Coordinated checkpointing

All processes reach a checkpoint at a logically synchronized point.
Often implemented as:

A global barrier or communication step.
Each process writes its piece of the state (possibly using collective I/O).

Advantages:

Simple reasoning: one global “snapshot.”
Easier restart: all ranks restart from the same step.

Disadvantages:

Global synchronization overhead.
All processes perform I/O around the same time (I/O burst).

Uncoordinated checkpointing

Each process independently decides when to checkpoint.
Risks inconsistent states where some messages are recorded at sender but not at receiver (or vice versa).
To make this workable, techniques like message logging must be used so that communications can be replayed.
Typically more complex and less common in entry-level HPC practice.

Practical takeaway: most production HPC codes use coordinated, application-level checkpoints at well-defined iteration or time-step boundaries.

Full vs. incremental vs. differential

Full checkpoints

Save all necessary state every time.
Simple to implement and reason about.
Higher I/O volume and storage cost.

Incremental checkpoints

Save only the data that changed since the last checkpoint.
Requires tracking changes (e.g., by pages, blocks, or logical data structures).
Benefits:

Reduced I/O for slowly changing state.

Costs:

More complex logic for creating and reading checkpoints.
Restart may require reading multiple checkpoint files (base + increments).

Differential checkpoints

Save differences relative to a fixed base snapshot rather than relative to the immediate previous one.
Reduces restart complexity (base + 1 differential) but may result in larger differentials over time.
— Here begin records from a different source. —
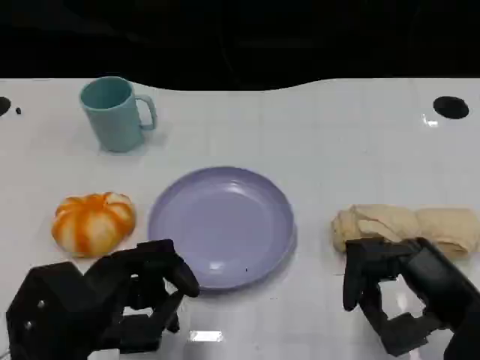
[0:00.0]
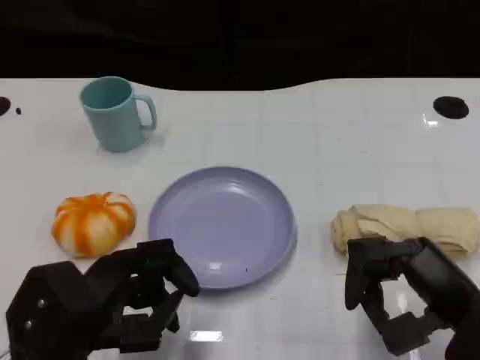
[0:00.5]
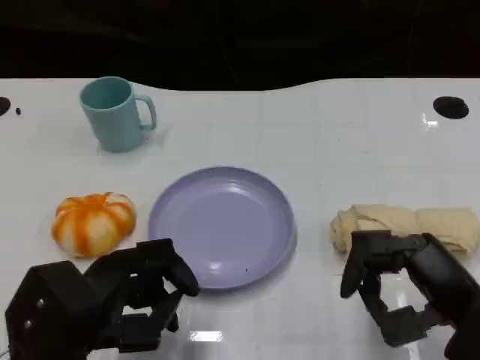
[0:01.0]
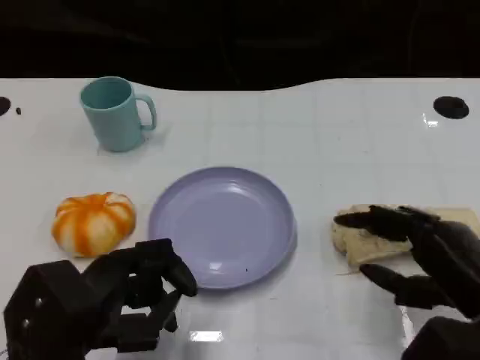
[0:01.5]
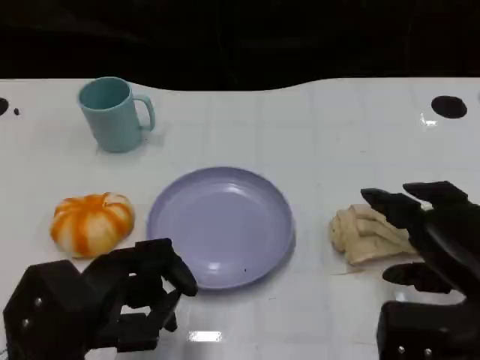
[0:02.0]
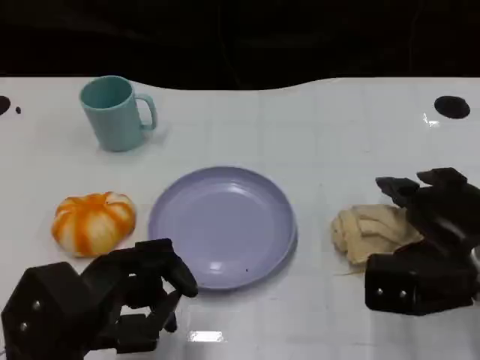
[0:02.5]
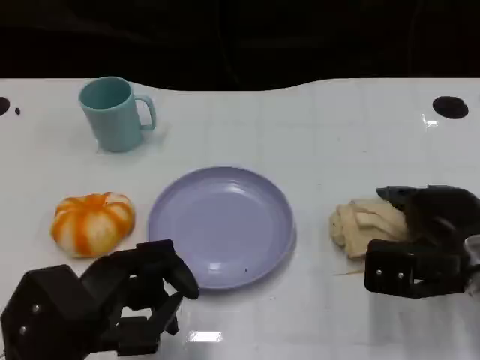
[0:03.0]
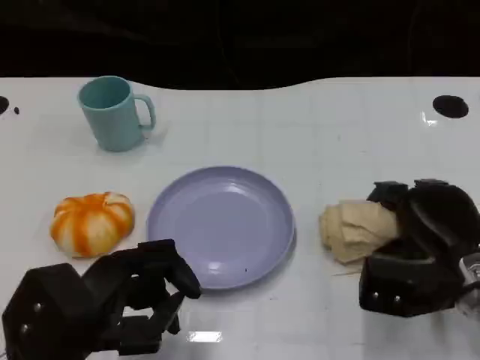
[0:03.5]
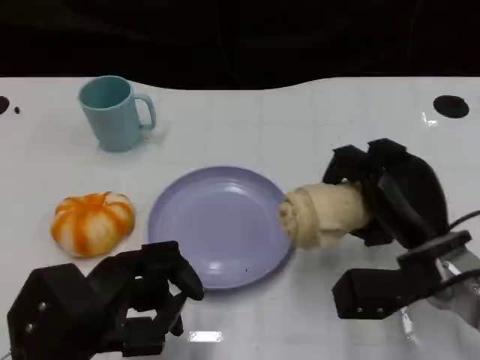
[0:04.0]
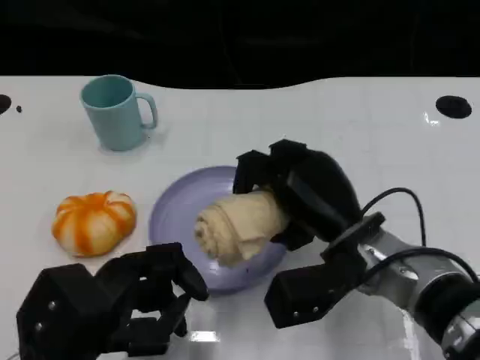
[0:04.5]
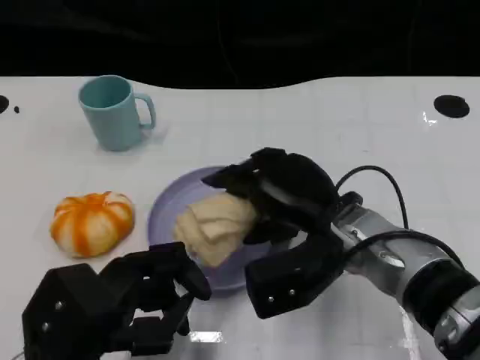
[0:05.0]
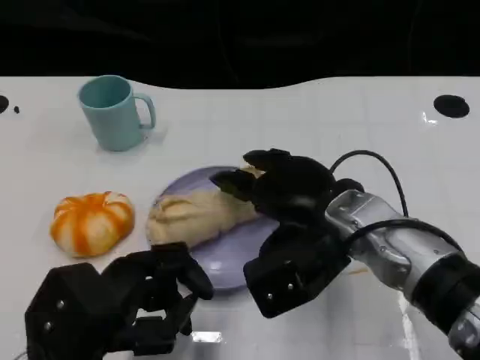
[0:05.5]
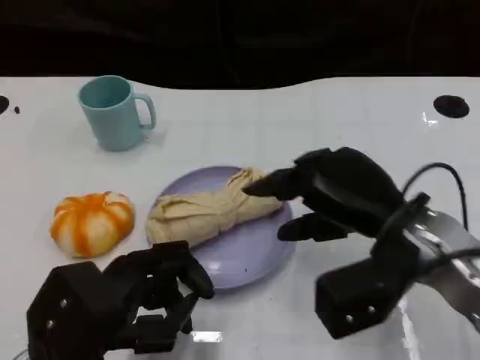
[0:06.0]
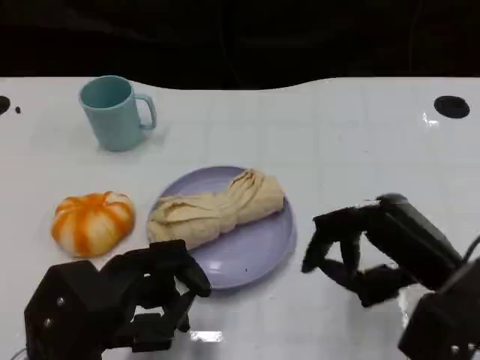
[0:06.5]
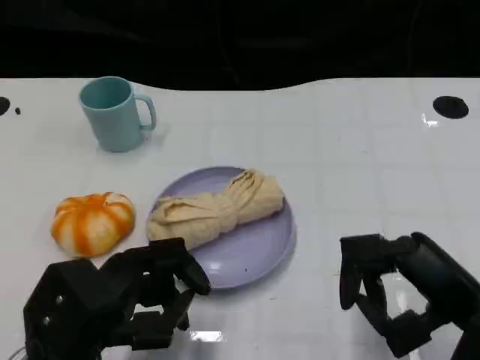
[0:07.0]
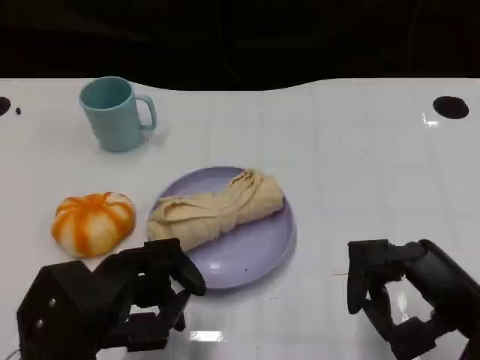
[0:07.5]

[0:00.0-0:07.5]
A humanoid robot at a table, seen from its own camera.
Task of the whole recording: Grasp the towel on the left side of the plate with the left hand and place it into the plate.
0:02.0 to 0:04.0: The right hand travels forward and to the left by approximately 10 cm.
0:04.0 to 0:05.5: The right hand heads to the left and upward, covering approximately 10 cm.
0:05.5 to 0:07.5: The right hand heads to the right and backward, covering approximately 15 cm.

For many codes, the first step is simple full checkpoints, then consider incremental if I/O overhead becomes a bottleneck.
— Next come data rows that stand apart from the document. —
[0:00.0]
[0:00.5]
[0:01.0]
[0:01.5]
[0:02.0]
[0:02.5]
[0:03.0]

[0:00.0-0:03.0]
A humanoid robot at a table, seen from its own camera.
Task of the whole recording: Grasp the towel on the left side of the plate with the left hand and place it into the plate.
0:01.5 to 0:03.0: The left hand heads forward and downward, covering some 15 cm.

Synchronous vs. asynchronous checkpointing

Synchronous checkpointing

The application waits until the checkpoint is fully written before continuing computations.
Simple and robust but may cause noticeable pauses, especially with large data.
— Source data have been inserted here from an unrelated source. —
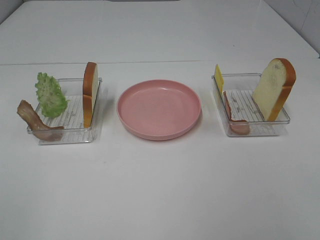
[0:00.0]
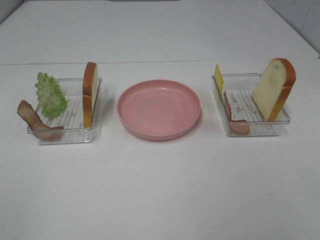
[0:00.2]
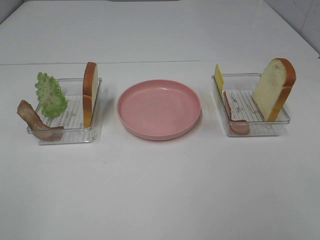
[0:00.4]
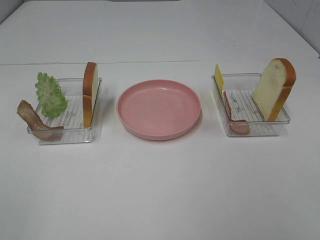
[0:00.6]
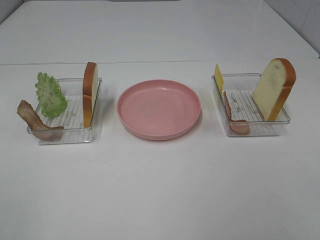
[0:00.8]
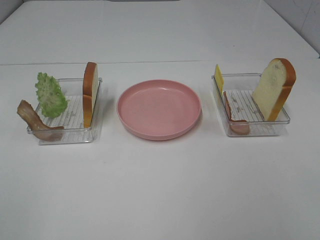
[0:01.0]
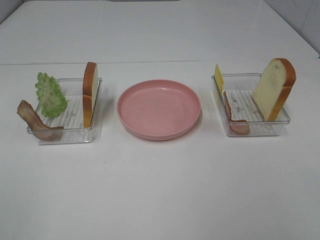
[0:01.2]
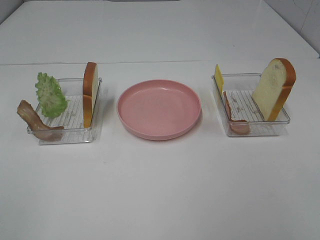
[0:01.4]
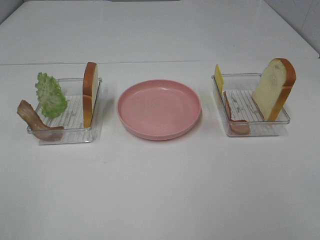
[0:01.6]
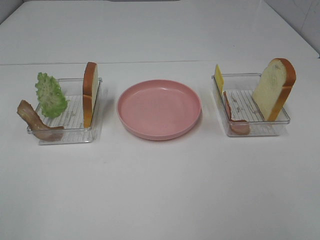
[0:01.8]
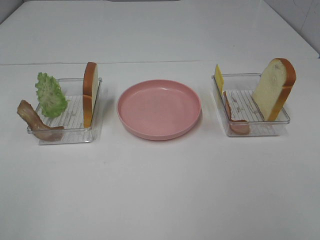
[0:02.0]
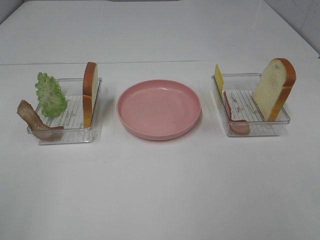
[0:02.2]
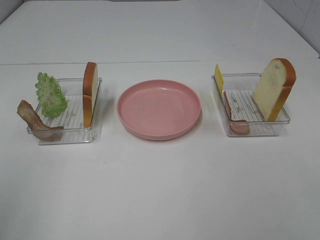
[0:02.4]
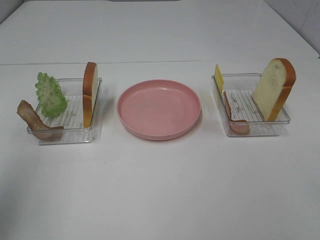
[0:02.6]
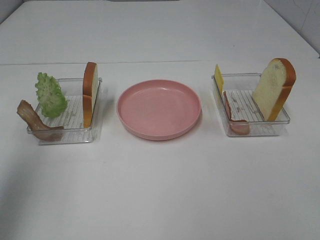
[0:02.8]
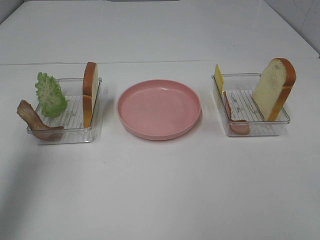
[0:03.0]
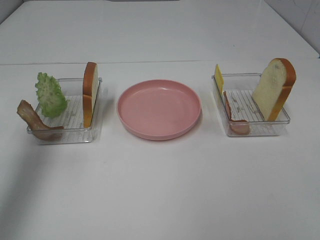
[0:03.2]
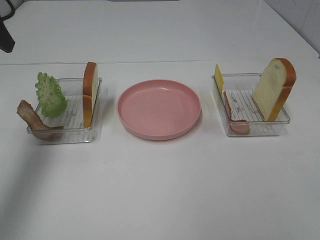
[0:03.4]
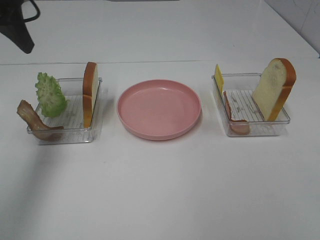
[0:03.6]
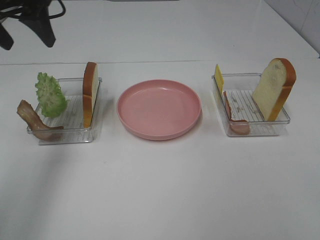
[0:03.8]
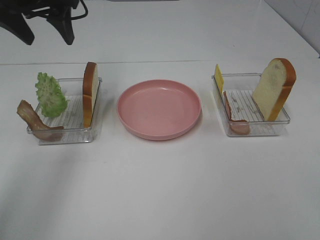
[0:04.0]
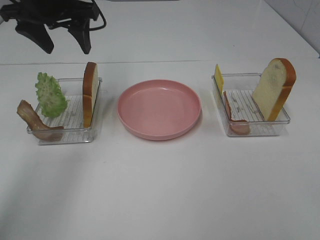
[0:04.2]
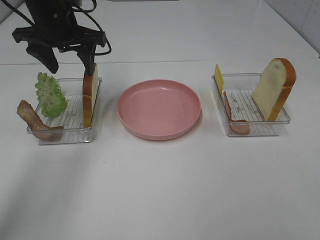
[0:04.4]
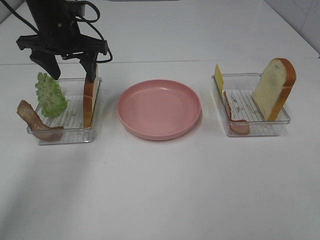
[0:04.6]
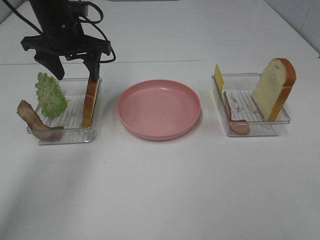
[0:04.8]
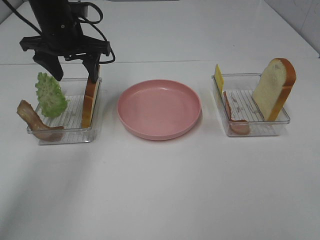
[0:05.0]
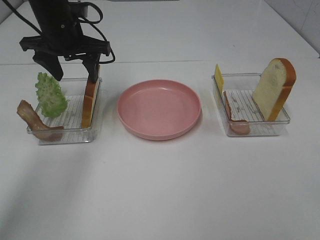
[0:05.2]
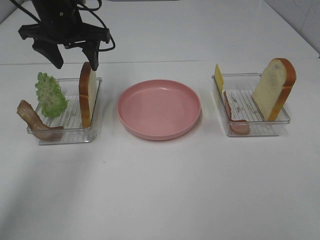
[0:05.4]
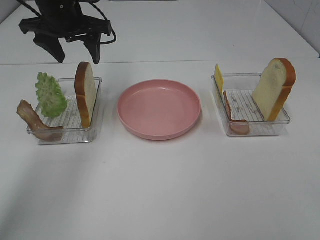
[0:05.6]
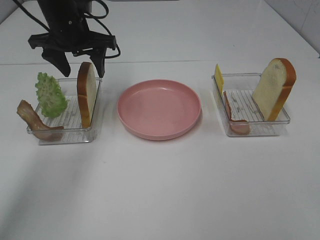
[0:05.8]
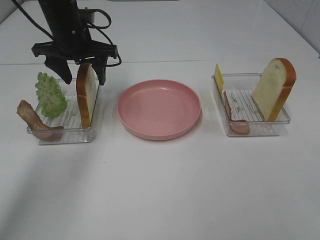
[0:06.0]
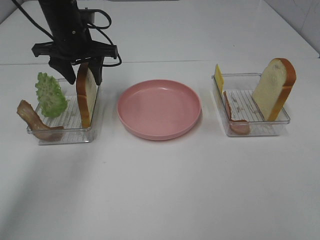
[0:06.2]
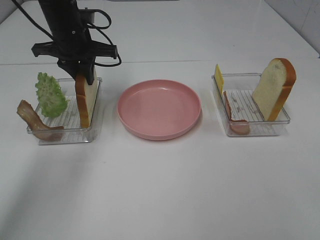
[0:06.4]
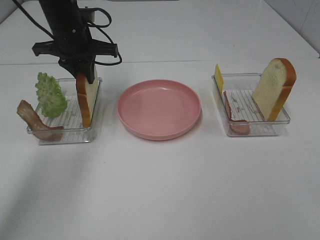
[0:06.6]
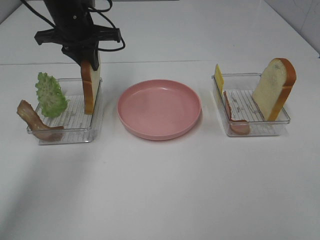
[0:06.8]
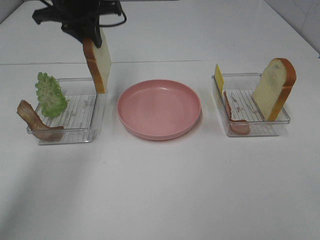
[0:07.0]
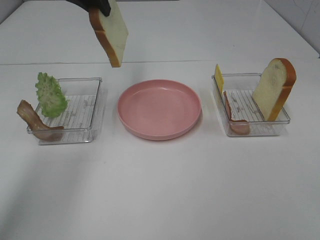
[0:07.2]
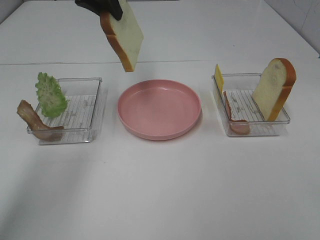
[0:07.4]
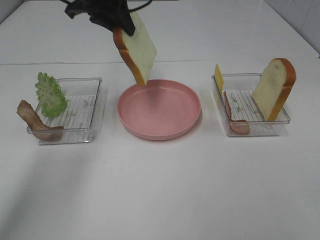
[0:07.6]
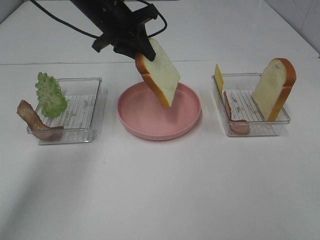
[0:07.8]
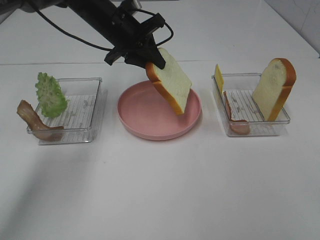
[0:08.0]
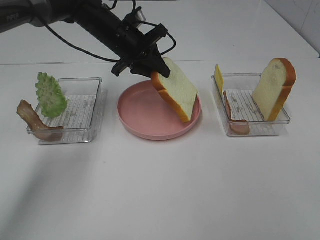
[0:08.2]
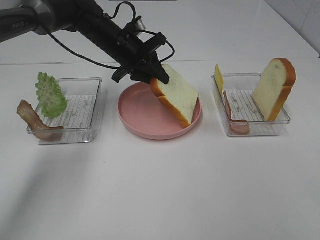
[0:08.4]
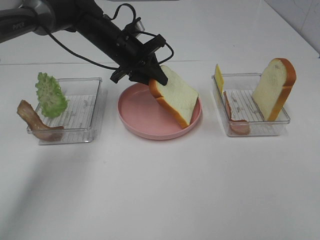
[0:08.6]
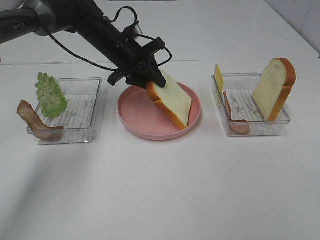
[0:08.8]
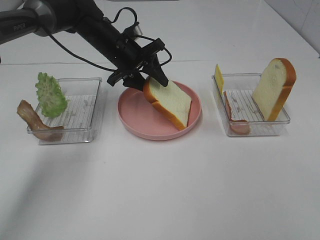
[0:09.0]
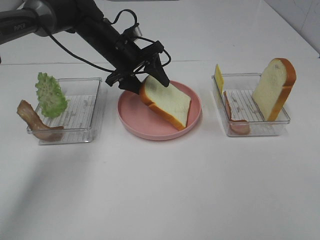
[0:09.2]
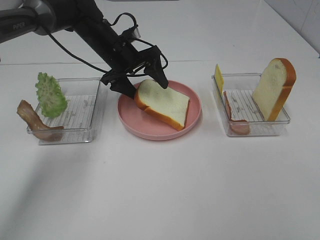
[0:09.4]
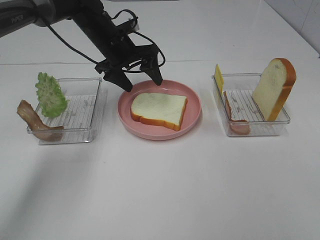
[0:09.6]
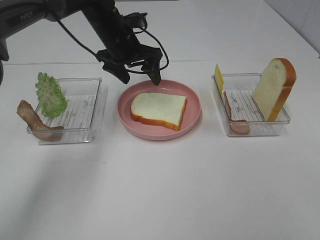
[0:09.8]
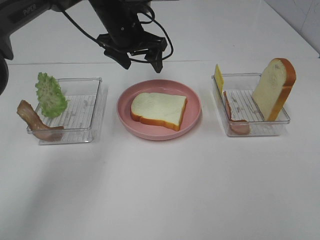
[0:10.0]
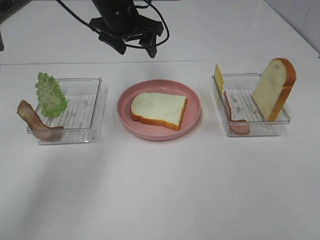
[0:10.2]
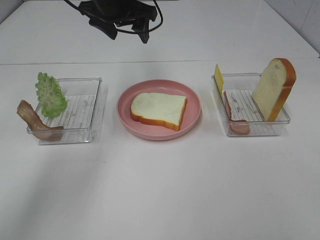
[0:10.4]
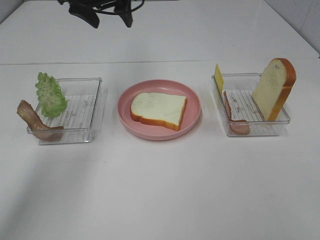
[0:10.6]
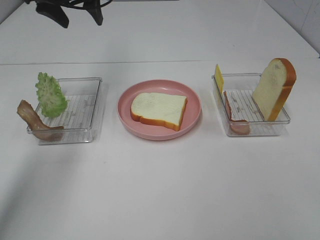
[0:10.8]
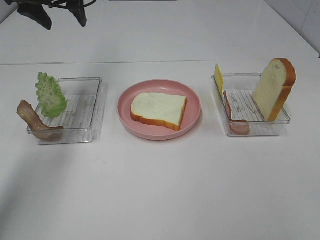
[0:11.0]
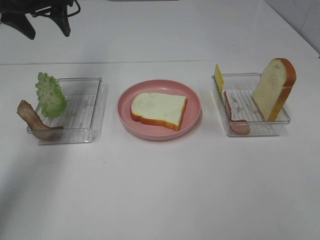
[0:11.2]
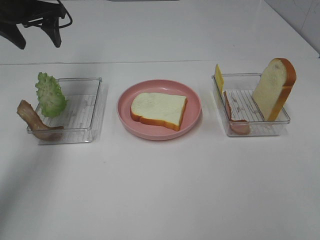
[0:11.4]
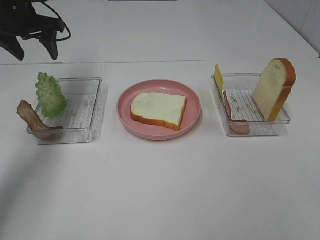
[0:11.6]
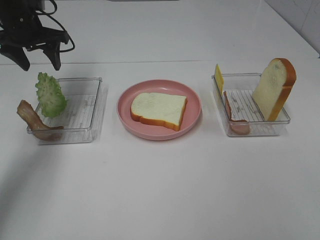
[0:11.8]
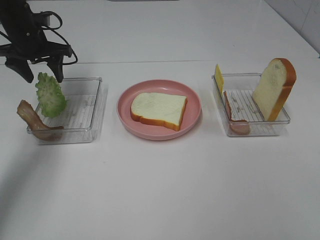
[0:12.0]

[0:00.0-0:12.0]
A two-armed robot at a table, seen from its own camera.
Task of the whole recording: Make sandwiches.
Step, 0.0 to 6.2 s: Left hand:grab the bread slice.
Step, 6.4 to 9.6 s: Left hand:place the bread slice on the plate.
0.0 to 1.6 s: Both grippers stay about where they are.
1.6 to 3.0 s: The left gripper shifts roughly 25 cm forward.
3.0 to 4.4 s: The left gripper is displaced forward, to the right and downward by some 25 cm.
4.4 to 6.0 s: The grippers move only a little.
6.0 to 7.6 s: The left gripper is displaced upward by roughly 5 cm, and closes up.
7.6 to 9.0 s: The left gripper moves downward, some 15 cm.
9.0 to 10.4 s: The left gripper shifts some 10 cm upward.
10.4 to 12.0 s: The left gripper is displaced to the left and downward by some 20 cm.

Asynchronous checkpointing

Application initiates a checkpoint and continues computing while the data is being written in the background.
Implemented via:

Additional I/O threads or helper processes.
Double-buffering: writing one buffer while computing into another.

Reduces visible pause but adds implementation complexity and more elaborate error handling.

When to checkpoint: frequency and policies

Fixed-interval strategies

Most beginners start with a simple rule such as:

“Write a checkpoint every N iterations”
“Write a checkpoint every T minutes”

This is easy to configure and reason about, but may not be optimal for:

Very short jobs (few checkpoints are enough)
Very long jobs on unreliable systems (more frequent checkpoints needed)
Phases of the simulation with variable cost per time step

Analytical trade-off: checkpoint interval vs. failure rate

There is a well-known trade-off between:

Checkpoint overhead per interval (time spent writing)
Expected lost work when a failure occurs

A classical approximation for the optimal time between checkpoints $T_{\text{opt}}$ is based on:

$C$: time to write a checkpoint
$MTBF$: mean time between failures on the system (or for the job)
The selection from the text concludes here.